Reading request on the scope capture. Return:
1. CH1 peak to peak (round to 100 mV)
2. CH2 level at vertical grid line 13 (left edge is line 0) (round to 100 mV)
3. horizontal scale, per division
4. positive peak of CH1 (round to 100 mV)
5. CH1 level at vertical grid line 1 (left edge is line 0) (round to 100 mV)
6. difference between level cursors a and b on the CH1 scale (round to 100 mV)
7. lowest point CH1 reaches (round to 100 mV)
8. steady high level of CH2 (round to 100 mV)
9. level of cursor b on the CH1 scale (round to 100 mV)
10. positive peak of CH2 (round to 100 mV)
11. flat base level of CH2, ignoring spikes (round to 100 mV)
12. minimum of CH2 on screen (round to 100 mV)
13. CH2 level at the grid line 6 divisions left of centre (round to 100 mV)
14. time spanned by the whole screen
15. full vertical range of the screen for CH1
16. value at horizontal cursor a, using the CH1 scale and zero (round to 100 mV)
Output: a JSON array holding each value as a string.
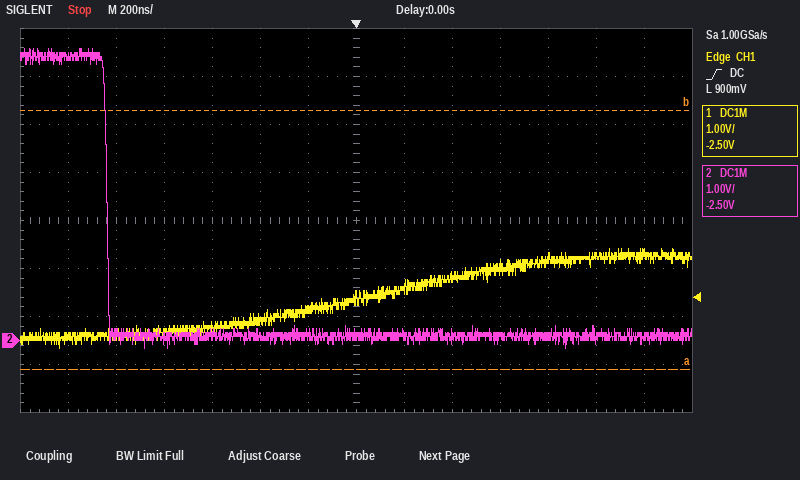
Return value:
["2.1 V", "100 mV", "200 ns", "1.9 V", "100 mV", "5.4 V", "-200 mV", "5.9 V", "4.8 V", "6.1 V", "100 mV", "-200 mV", "5.9 V", "2.8 µs", "8 V", "-600 mV"]

__WORK ITEM__. If a line of the listing contains the string "peak", count it; then report the total alone.

__FINAL ANSWER__. 3